(Records contained in a dataset)
[Start of Attachment]

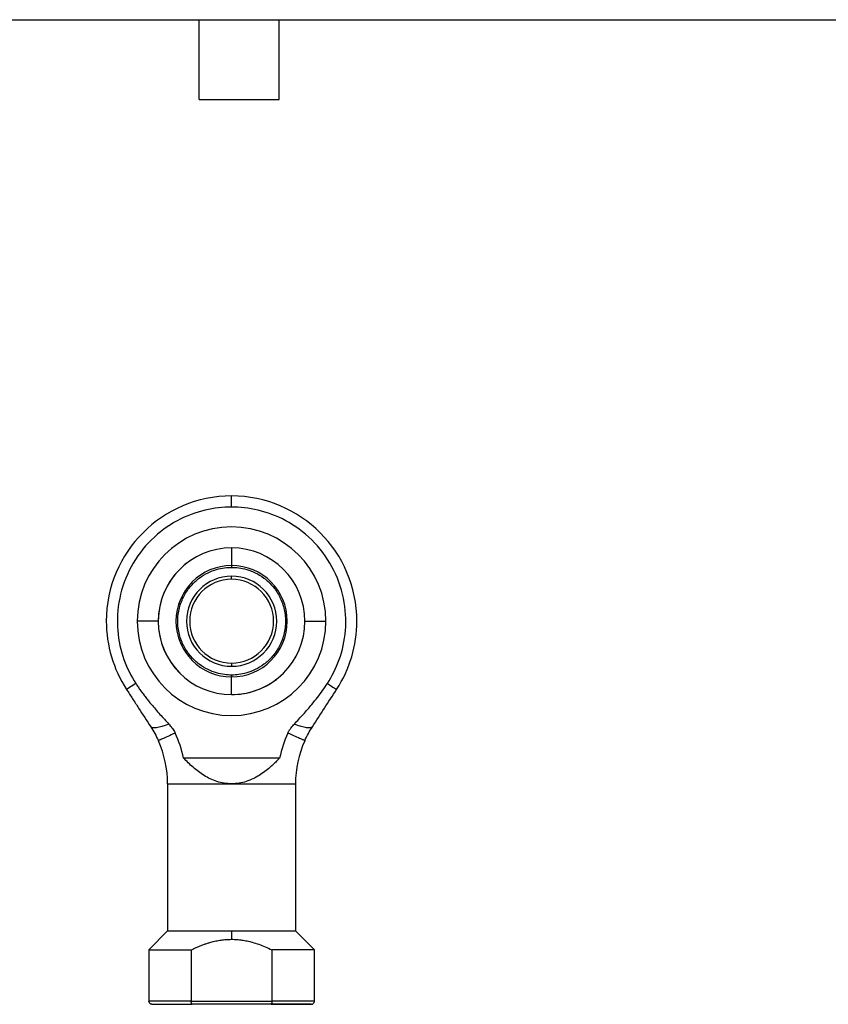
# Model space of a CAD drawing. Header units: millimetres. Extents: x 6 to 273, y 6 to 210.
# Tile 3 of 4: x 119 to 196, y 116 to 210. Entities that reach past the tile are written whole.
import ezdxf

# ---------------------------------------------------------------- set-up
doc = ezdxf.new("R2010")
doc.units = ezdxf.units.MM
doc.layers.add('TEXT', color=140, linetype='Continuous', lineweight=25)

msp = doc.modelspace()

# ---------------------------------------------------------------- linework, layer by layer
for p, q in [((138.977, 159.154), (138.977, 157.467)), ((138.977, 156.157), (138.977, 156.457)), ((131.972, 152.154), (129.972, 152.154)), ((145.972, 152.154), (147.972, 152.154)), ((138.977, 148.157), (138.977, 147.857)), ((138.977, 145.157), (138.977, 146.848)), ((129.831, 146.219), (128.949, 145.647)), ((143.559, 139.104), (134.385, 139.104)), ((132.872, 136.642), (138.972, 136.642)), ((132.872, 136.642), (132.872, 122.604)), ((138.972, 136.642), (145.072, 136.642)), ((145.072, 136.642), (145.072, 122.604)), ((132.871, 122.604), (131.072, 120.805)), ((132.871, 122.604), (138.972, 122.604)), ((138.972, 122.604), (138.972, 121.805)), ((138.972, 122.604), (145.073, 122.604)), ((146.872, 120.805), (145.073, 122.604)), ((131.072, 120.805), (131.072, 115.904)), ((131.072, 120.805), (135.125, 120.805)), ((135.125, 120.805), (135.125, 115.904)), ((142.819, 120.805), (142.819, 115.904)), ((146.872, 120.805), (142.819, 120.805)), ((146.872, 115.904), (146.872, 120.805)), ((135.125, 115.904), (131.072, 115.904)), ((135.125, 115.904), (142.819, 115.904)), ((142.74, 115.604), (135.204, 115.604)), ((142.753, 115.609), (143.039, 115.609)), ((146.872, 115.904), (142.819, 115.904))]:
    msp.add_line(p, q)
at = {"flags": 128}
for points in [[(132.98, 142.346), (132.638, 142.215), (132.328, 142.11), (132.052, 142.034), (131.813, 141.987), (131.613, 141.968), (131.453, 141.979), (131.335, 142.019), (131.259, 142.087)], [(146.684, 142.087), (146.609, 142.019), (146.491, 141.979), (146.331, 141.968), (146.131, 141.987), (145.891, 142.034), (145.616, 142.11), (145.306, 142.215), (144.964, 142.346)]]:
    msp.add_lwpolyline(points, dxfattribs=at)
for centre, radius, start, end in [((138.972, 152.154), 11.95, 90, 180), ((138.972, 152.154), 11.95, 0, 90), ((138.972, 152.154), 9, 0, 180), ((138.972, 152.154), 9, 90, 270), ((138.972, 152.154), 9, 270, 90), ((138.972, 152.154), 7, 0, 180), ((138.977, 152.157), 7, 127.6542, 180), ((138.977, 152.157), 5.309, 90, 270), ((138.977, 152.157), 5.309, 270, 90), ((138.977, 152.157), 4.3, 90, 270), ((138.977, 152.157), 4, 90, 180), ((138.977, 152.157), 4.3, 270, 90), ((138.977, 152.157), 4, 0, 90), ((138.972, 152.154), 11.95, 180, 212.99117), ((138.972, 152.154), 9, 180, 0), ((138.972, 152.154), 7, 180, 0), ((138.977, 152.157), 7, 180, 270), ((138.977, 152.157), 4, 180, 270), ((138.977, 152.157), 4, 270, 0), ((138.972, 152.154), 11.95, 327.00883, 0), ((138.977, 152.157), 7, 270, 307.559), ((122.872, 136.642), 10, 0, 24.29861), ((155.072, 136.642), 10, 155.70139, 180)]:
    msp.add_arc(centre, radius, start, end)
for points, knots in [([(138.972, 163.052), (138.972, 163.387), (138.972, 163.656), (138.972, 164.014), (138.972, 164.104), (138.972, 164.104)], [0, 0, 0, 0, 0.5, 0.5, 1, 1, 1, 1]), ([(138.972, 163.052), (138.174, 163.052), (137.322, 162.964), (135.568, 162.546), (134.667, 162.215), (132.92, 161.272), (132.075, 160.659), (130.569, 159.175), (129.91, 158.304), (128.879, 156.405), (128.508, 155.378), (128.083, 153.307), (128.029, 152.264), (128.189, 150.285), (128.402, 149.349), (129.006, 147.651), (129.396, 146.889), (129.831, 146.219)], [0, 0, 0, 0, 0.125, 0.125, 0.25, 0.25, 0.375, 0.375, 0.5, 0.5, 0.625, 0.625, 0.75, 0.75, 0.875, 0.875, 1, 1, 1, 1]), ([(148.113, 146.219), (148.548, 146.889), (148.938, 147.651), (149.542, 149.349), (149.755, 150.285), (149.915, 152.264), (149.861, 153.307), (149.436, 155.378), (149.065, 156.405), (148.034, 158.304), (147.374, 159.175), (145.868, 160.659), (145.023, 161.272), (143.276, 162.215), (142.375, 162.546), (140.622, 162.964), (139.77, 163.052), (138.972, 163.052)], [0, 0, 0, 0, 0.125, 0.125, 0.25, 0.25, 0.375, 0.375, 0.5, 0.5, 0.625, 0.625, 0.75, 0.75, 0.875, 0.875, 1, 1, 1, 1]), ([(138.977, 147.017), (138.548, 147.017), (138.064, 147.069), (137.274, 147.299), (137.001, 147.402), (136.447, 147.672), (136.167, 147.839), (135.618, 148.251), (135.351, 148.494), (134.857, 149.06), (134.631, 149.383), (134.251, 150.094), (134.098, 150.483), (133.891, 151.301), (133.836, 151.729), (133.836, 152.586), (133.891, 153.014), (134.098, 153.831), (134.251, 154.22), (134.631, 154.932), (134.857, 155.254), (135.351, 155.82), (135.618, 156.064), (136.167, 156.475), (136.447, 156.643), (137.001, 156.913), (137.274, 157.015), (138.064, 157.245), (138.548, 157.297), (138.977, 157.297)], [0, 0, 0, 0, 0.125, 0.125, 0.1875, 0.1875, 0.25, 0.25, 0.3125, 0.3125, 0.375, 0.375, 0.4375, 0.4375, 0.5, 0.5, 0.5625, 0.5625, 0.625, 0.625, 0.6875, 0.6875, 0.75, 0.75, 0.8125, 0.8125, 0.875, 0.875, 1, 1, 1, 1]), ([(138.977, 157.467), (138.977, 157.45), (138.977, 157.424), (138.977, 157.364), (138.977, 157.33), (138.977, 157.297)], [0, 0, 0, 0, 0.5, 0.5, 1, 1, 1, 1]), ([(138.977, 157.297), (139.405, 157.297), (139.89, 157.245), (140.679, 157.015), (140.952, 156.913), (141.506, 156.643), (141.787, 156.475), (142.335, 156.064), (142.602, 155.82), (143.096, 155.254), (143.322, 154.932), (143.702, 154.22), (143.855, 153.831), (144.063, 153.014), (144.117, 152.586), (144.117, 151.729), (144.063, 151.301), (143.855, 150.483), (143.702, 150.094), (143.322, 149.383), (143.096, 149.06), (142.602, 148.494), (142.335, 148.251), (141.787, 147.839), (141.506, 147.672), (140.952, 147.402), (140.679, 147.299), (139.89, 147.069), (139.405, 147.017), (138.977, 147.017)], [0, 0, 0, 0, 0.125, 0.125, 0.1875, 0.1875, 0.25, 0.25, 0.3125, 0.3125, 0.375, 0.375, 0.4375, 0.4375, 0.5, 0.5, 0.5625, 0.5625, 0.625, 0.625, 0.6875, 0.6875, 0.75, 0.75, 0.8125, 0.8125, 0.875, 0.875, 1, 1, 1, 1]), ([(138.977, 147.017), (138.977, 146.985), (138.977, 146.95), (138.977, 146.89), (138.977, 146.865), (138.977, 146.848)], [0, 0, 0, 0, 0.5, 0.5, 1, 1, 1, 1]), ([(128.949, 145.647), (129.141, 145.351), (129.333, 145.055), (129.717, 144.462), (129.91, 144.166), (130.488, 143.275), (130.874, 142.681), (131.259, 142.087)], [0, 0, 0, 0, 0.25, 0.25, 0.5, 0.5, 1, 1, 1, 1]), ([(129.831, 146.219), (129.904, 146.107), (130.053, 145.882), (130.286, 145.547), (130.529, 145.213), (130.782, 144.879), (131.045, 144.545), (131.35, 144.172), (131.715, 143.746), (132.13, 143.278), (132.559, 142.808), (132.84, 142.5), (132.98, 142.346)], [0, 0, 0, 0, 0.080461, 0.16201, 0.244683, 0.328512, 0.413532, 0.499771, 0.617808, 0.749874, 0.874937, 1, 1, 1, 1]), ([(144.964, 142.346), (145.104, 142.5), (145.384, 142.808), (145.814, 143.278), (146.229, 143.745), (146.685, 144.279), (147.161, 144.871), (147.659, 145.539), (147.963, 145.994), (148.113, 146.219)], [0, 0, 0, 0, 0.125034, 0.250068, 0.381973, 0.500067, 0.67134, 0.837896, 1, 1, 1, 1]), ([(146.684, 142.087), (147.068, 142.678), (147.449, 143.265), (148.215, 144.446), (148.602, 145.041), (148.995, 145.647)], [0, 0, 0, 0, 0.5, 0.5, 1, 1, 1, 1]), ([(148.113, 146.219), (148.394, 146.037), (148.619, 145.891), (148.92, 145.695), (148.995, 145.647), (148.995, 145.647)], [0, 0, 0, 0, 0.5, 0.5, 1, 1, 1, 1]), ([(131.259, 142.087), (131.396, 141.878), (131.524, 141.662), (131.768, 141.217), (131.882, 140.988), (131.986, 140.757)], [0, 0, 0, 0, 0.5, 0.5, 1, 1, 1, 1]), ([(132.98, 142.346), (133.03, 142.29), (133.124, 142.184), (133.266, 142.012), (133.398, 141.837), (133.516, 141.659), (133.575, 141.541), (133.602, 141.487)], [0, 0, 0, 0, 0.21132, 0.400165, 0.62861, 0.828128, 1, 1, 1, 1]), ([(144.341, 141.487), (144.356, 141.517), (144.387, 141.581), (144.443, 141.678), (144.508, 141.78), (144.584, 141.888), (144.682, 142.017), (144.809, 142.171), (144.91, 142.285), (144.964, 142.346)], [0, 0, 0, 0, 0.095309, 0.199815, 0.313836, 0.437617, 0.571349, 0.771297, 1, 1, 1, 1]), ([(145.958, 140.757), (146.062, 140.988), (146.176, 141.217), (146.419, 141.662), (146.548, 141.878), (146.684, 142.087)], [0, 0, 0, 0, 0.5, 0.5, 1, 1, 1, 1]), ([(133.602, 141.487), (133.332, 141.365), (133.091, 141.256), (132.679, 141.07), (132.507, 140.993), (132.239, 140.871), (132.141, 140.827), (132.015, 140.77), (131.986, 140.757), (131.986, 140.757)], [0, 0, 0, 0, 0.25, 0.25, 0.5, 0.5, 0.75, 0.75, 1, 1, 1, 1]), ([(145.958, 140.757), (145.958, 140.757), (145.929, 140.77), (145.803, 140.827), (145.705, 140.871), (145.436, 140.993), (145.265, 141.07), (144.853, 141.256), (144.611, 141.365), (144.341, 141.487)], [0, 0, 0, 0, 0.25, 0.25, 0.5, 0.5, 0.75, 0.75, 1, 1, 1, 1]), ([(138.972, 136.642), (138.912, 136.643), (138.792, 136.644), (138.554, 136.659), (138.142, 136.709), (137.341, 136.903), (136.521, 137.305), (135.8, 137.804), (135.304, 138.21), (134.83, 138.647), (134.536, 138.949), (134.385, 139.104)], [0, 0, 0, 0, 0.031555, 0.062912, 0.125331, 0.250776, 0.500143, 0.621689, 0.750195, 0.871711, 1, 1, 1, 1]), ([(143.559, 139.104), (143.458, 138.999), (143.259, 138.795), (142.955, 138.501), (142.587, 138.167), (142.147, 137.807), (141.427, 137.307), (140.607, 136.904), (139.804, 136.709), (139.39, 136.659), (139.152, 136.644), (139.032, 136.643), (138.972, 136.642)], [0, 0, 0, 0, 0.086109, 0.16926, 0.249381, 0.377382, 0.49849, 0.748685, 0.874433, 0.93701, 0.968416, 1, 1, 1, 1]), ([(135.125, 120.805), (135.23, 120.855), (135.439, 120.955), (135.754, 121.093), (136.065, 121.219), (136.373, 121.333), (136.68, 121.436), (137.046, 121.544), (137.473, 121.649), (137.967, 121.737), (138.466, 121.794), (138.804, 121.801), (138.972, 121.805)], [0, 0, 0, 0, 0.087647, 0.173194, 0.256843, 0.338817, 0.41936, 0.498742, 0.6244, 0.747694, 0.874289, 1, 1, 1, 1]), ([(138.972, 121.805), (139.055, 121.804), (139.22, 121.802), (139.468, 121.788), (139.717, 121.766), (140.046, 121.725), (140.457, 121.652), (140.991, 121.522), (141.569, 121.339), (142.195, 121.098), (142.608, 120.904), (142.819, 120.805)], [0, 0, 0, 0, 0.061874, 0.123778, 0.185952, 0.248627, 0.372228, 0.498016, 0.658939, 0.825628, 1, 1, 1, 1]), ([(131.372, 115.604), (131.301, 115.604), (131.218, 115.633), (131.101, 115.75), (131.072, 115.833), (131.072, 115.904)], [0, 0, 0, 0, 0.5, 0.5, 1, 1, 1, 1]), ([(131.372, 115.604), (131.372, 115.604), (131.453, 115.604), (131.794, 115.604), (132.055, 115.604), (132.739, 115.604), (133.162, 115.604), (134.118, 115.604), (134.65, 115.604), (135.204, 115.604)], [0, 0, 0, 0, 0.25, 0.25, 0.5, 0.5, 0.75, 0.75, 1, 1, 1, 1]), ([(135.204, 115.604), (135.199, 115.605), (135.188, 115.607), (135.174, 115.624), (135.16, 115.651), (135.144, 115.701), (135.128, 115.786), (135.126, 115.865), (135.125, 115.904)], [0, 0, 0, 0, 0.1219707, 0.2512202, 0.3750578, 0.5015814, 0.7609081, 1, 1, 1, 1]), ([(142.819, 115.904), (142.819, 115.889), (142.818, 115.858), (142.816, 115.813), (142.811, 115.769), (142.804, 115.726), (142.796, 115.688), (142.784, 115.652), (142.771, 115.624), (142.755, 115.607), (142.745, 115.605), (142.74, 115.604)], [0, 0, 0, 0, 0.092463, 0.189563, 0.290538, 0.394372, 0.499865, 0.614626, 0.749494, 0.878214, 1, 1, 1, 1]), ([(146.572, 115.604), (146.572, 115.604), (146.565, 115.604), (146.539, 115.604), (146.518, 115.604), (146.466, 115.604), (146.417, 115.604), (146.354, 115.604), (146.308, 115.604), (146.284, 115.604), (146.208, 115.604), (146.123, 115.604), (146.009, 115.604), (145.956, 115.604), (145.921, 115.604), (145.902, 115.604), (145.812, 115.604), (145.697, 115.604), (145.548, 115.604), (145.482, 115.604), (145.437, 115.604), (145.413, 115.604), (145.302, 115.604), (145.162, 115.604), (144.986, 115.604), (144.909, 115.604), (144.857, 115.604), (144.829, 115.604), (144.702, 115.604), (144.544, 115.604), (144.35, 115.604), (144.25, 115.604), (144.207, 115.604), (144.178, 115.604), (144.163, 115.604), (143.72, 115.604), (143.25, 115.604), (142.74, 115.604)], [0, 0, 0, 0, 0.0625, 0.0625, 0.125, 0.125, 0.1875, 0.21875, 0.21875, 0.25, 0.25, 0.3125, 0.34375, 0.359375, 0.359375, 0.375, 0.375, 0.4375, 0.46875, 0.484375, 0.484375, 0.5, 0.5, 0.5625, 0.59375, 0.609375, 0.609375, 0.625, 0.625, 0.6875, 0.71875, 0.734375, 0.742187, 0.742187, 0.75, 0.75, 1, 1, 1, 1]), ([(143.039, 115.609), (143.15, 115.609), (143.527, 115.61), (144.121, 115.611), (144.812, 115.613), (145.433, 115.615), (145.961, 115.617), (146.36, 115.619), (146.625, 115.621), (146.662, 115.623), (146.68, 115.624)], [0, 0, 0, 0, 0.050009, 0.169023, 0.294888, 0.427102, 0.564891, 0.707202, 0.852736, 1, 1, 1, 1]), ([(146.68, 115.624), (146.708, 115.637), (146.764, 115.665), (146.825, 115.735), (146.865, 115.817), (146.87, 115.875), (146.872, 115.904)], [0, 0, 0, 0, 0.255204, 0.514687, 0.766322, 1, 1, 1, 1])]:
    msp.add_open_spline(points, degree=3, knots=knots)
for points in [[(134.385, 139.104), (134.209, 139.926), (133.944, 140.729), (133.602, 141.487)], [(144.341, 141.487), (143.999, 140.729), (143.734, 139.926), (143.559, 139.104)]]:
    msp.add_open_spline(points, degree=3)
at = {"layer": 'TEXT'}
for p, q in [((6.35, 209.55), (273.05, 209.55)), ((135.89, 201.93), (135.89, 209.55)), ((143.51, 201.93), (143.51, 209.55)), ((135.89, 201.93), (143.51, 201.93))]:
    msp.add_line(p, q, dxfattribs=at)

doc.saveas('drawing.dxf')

[End of Attachment]

• **Activity**:
Report each line in the preceding entries that holds the string "units".

• **Output of the exercise**:
# Model space of a CAD drawing. Header units: millimetres. Extents: x 6 to 273, y 6 to 210.
doc.units = ezdxf.units.MM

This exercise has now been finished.